An object of the present invention is to provide a method of producing an entangled sheet of microfine long fibers, which enables the use of microfine long fibers in the production of a substrate for leather-like sheets, although hitherto not applicable to such production.
As a result of extensive research in view of achieving the above object, the inventors have reached the present invention. Namely, the present invention provides a method of producing an entangled sheet of microfine long fibers, which include a step of forming a long-fiber web made of long fibers for forming microfine fibers, at least one component of the long fibers being a water-soluble, thermoplastic polyvinyl alcohol resin; a step of entangling the long-fiber web to form a long-fiber entangled sheet; a step of shrinking the long-fiber entangled sheet to form a long-fiber shrunk sheet; and a step of converting the long fibers for forming microfine fibers in the long-fiber shrunk sheet to microfine long fibers, thereby producing an entangled sheet of microfine long fibers, in which the step of entangling the long-fiber web is performed such that the long-fiber entangled sheet has an interlaminar peel strength of 2 kg/2.5 cm or more, and the step of shrinking the long-fiber entangled sheet is performed such that an areal shrinkage is 35% or more.
The present invention further provides a method of producing a substrate for leather-like sheets, which further includes a step of impregnating an elastic polymer into the entangled sheet of microfine long fibers produced by the above method.
The present invention still further provides a substrate for leather-like sheets which is produced by the method mentioned above, and a grain-finished leather-like sheet and a suede-finished leather-like sheet each being produced by processing the substrate for leather-like sheets.

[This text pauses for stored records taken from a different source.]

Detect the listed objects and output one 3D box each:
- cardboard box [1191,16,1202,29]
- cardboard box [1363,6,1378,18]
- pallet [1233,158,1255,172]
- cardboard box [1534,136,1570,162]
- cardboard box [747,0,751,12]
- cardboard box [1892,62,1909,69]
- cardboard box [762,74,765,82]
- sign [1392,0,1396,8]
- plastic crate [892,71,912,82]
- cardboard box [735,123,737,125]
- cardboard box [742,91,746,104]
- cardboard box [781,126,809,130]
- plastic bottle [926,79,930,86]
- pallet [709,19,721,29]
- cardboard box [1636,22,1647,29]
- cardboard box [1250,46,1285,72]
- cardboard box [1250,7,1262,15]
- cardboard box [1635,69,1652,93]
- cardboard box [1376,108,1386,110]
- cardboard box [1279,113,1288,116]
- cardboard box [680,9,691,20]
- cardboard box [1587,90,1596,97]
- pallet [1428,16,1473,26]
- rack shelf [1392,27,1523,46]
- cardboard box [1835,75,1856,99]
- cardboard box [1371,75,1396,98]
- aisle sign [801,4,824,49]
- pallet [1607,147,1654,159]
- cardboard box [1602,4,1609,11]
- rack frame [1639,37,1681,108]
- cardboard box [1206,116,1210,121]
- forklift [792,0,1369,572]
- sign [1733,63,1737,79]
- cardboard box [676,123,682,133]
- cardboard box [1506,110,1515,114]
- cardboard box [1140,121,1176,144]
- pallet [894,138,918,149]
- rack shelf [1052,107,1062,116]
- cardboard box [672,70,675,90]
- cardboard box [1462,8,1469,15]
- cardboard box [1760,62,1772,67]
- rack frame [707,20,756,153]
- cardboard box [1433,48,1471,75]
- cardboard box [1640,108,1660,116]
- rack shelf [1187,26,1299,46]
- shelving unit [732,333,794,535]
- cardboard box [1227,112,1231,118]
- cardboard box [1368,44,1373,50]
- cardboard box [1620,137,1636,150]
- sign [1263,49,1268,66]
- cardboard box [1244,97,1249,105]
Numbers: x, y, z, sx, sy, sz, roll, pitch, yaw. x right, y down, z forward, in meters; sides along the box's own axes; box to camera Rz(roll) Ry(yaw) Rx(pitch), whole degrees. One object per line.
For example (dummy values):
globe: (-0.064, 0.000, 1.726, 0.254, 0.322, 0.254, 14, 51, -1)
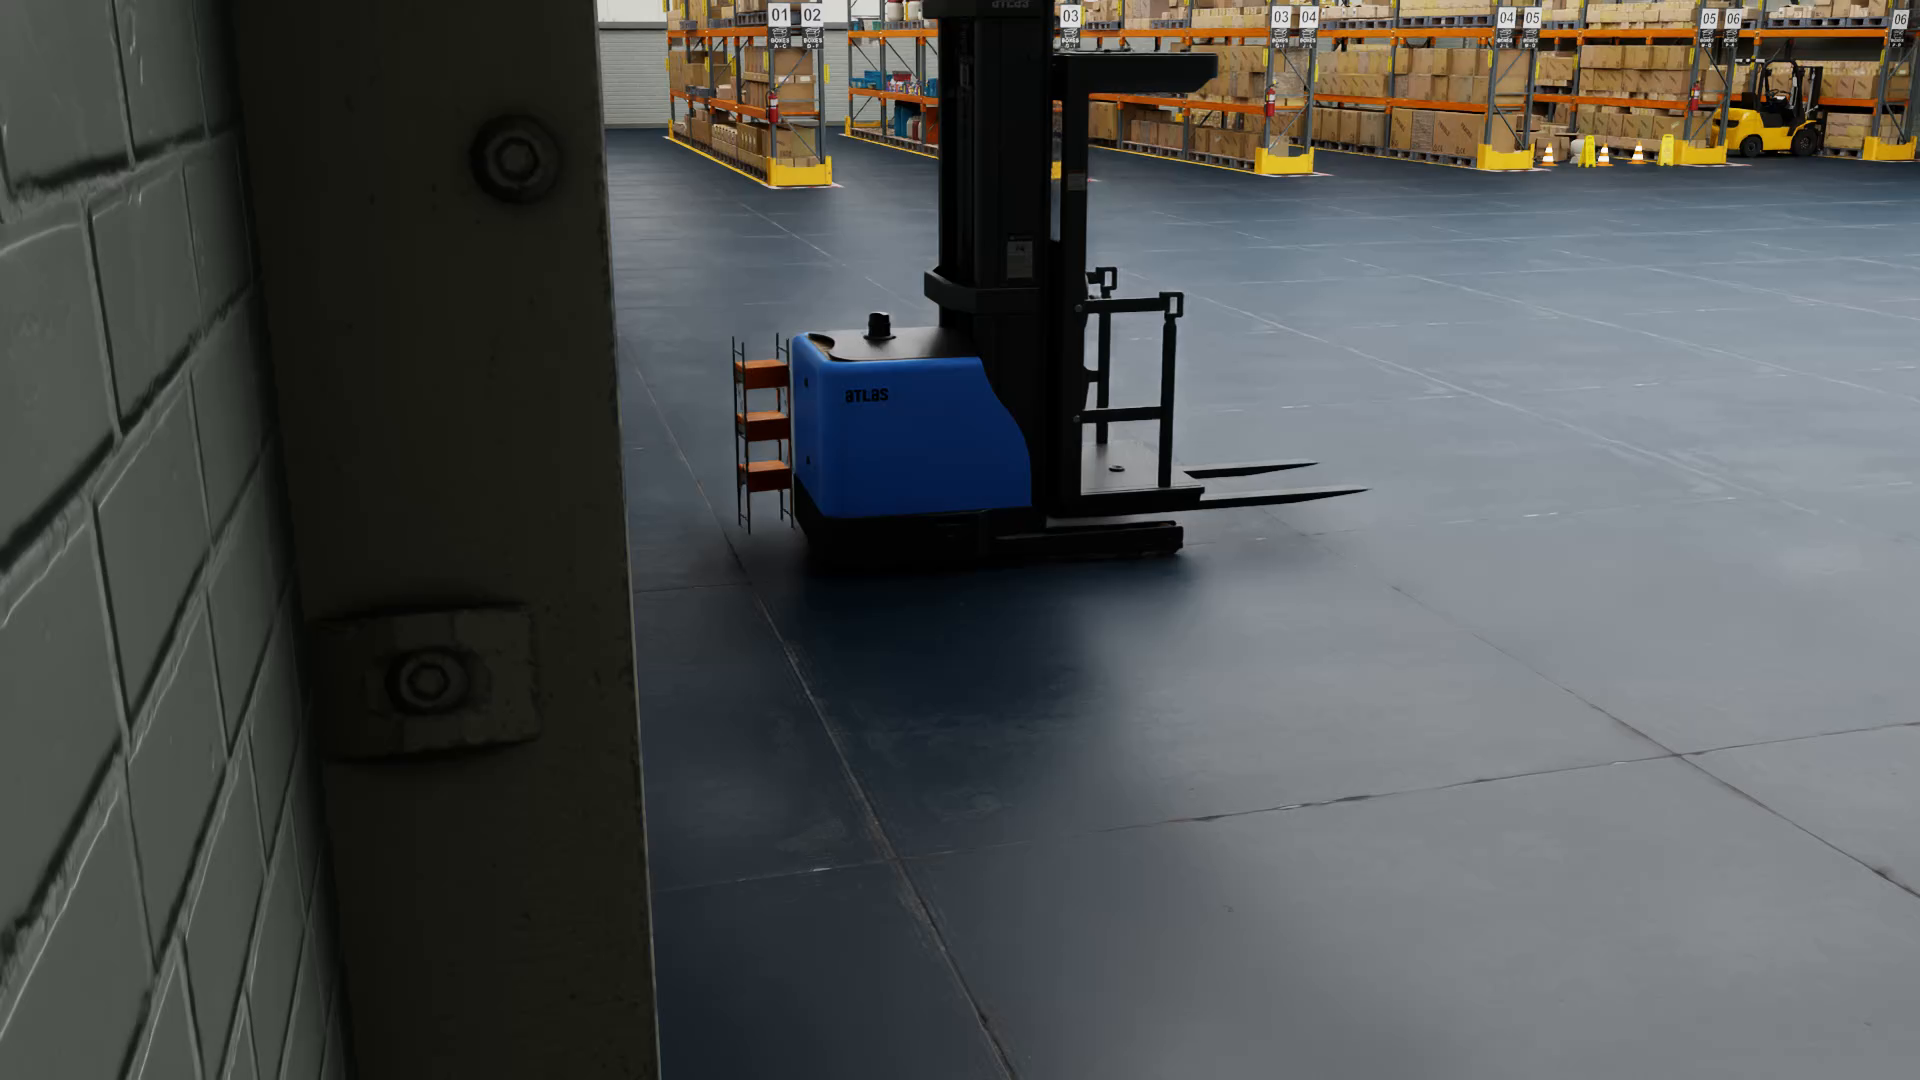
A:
cardboard box: (5.324, -11.147, 35.826, 0.500, 0.250, 0.500, -5, 18, -17)
cardboard box: (9.693, -12.229, 38.524, 0.500, 0.250, 0.500, -5, 17, -16)
pallet: (6.336, -7.734, 34.263, 1.003, 0.211, 1.213, -5, 17, -15)
cardboard box: (13.158, -8.694, 36.953, 0.637, 0.503, 0.797, 11, 20, 32)
cardboard box: (-3.748, -10.433, 32.037, 0.797, 0.503, 0.637, -3, 17, -9)
cardboard box: (20.959, -10.608, 37.167, 0.380, 0.149, 0.250, -5, 17, -16)
cardboard box: (-3.551, -8.773, 31.574, 0.380, 0.149, 0.250, -4, 17, -14)
sign: (9.724, -12.080, 37.227, 0.100, 0.325, 0.005, -5, 17, -15)
plastic crate: (-1.518, -12.074, 43.651, 0.402, 0.464, 0.583, -5, 17, -15)
cardboard box: (-5.029, -9.413, 38.588, 0.500, 0.500, 0.500, -4, 17, -13)
cardboard box: (-4.256, -9.206, 34.577, 0.500, 0.250, 0.500, -4, 17, -12)
cardboard box: (-3.202, -7.723, 32.127, 0.500, 0.500, 0.500, -5, 17, -15)
plastic bottle: (-0.753, -11.142, 40.849, 0.144, 0.351, 0.185, -5, 17, -15)
pallet: (-4.906, -11.417, 36.791, 1.213, 0.211, 1.003, -4, 17, -13)
cardboard box: (15.243, -11.418, 36.905, 0.380, 0.149, 0.250, -5, 17, -16)
cardboard box: (6.157, -9.622, 33.275, 0.500, 0.500, 0.500, -5, 17, -15)
cardboard box: (6.030, -10.577, 33.234, 0.380, 0.149, 0.250, -5, 18, -18)
cardboard box: (15.393, -10.200, 36.937, 0.500, 0.500, 0.500, -5, 17, -16)
cardboard box: (12.461, -12.327, 48.432, 0.875, 0.438, 0.875, -5, 17, -17)
cardboard box: (8.555, -11.068, 42.828, 0.500, 0.250, 0.500, -4, 17, -14)
cardboard box: (-6.672, -13.075, 41.375, 0.500, 0.250, 0.500, -5, 17, -15)
cardboard box: (14.873, -10.412, 38.769, 0.380, 0.149, 0.250, -4, 17, -14)
pallet: (10.790, -11.121, 35.634, 1.003, 0.211, 1.213, -5, 17, -15)
rack shelf: (10.793, -10.830, 35.760, 1.077, 0.370, 4.000, -5, 17, -15)
cardboard box: (20.325, -10.305, 37.802, 0.500, 0.500, 0.500, -4, 17, -14)
cardboard box: (9.843, -10.462, 38.326, 0.500, 0.500, 0.500, -5, 17, -16)
aisle sign: (-2.667, -9.289, 30.076, 0.394, 0.787, 0.004, -5, 17, -15)
pallet: (15.533, -8.854, 37.992, 1.003, 0.211, 1.213, -5, 17, -15)
cardboard box: (14.911, -12.152, 37.963, 0.380, 0.149, 0.250, -5, 18, -17)
rack frame: (18.647, -12.210, 44.319, 1.000, 3.000, 0.127, -5, 17, -15)
cardboard box: (7.261, -12.065, 47.545, 0.380, 0.149, 0.250, -4, 17, -12)
forklift: (0.672, -1.453, 8.625, 3.031, 2.935, 1.130, -4, 17, -14)
sign: (16.596, -10.062, 35.661, 0.100, 0.325, 0.005, -5, 17, -15)
cardboard box: (-7.225, -10.908, 44.000, 0.500, 0.250, 0.500, -5, 17, -15)
cardboard box: (16.773, -12.857, 50.086, 0.500, 0.500, 0.500, -4, 17, -14)
cardboard box: (4.716, -9.711, 39.578, 0.700, 0.500, 0.500, -6, 18, -20)
pallet: (-1.003, -9.858, 41.335, 1.003, 0.211, 1.213, -5, 17, -15)
rack shelf: (1.234, -8.638, 33.676, 1.077, 0.370, 4.000, -5, 17, -15)
cardboard box: (-7.362, -12.226, 44.198, 0.500, 0.500, 0.500, -5, 17, -16)
cardboard box: (10.717, -11.026, 34.695, 0.380, 0.149, 0.250, -5, 17, -15)
cardboard box: (19.549, -11.493, 40.114, 0.380, 0.149, 0.250, -4, 17, -14)
rack frame: (-5.178, -10.251, 37.797, 1.000, 3.000, 0.127, -5, 17, -15)
cardboard box: (10.744, -10.326, 35.909, 0.875, 0.550, 0.500, -5, 17, -15)
cardboard box: (15.372, -9.525, 36.998, 0.380, 0.149, 0.250, -4, 17, -14)
rack shelf: (5.996, -10.466, 34.548, 1.077, 0.370, 4.000, -5, 17, -15)
shelving unit: (-1.059, -0.569, 8.949, 0.252, 1.050, 0.215, -7, 19, -23)
cardboard box: (7.589, -11.770, 46.045, 0.380, 0.149, 0.250, -4, 17, -15)
cardboard box: (12.013, -14.246, 48.057, 0.380, 0.149, 0.250, -5, 17, -15)
cardboard box: (15.310, -8.979, 37.611, 0.500, 0.250, 0.500, -5, 18, -17)
sign: (6.007, -9.488, 32.695, 0.100, 0.325, 0.005, -5, 17, -15)
cardboard box: (6.029, -8.967, 33.960, 0.380, 0.149, 0.250, -5, 17, -15)

The method of producing the entangled sheet of microfine long fibers of the present invention includes a step of forming a long-fiber web made of long fibers for forming microfine fibers, a step of entangling the long-fiber web to form a long-fiber entangled sheet, a step of shrinking the long-fiber entangled sheet to form a long-fiber shrunk sheet, and a step of converting the long fibers for forming microfine fibers in the long-fiber shrunk sheet to microfine long fibers, thereby producing an entangled sheet of microfine long fibers. Although the entangled sheet of microfine long fibers thus produced may be directly used as a substrate for leather-like sheets, preferably made into a substrate for leather-like sheets impregnated with an elastic polymer. The substrate for leather-like sheets is processed into a grain-finished leather-like sheet and suede-finished leather-like sheet.
In the present invention, the term “long fiber” means a fiber longer than a short fiber generally having a length of about 10 to 50 mm and a fiber not intentionally cut as so done in the production of short fibers. For example, the length of the long fibers before converted to microfine fibers is preferably 100 mm or longer, and may be several meters, hundreds of meter, or several kilo-meters as long as being technically possible to produce or being not physically broken.
The long fiber for forming microfine fibers used in the present invention is selected from sea-island fibers and multi-layered fibers which are produced by a method such as a mix spinning or a composite spinning, with a sea-island, long fiber for forming microfine fibers composed of a water-soluble, thermoplastic polyvinyl alcohol resin as the sea component and a water-insoluble thermoplastic resin as the island component being preferred.
Preferred examples of the water-insoluble thermoplastic resins include, but not limited to, polyester resins such as polyethylene terephthalate (referred to PET in some cases), polytrimethylene terephthalate, polybutylene terephthalate (referred to PBT in some cases), and polyester elastomers; polyamide resins such as nylon 6, nylon 66, nylon 610, aromatic polyamides, and polyamide elastomers; and fiber-forming polymers such as polyurethane resins, polyolefin resins, acrylonitrile resins, and modified resins thereof, with PET, PBT, nylon 6, and nylon 66 being preferably used because the final products excellent in the feel and properties upon use can be obtained. Particularly preferred are PET and its modified resins such as isophthalic acid-modified PET because the shrinking property of the long-fiber entangled sheet upon hot-water treatment is good.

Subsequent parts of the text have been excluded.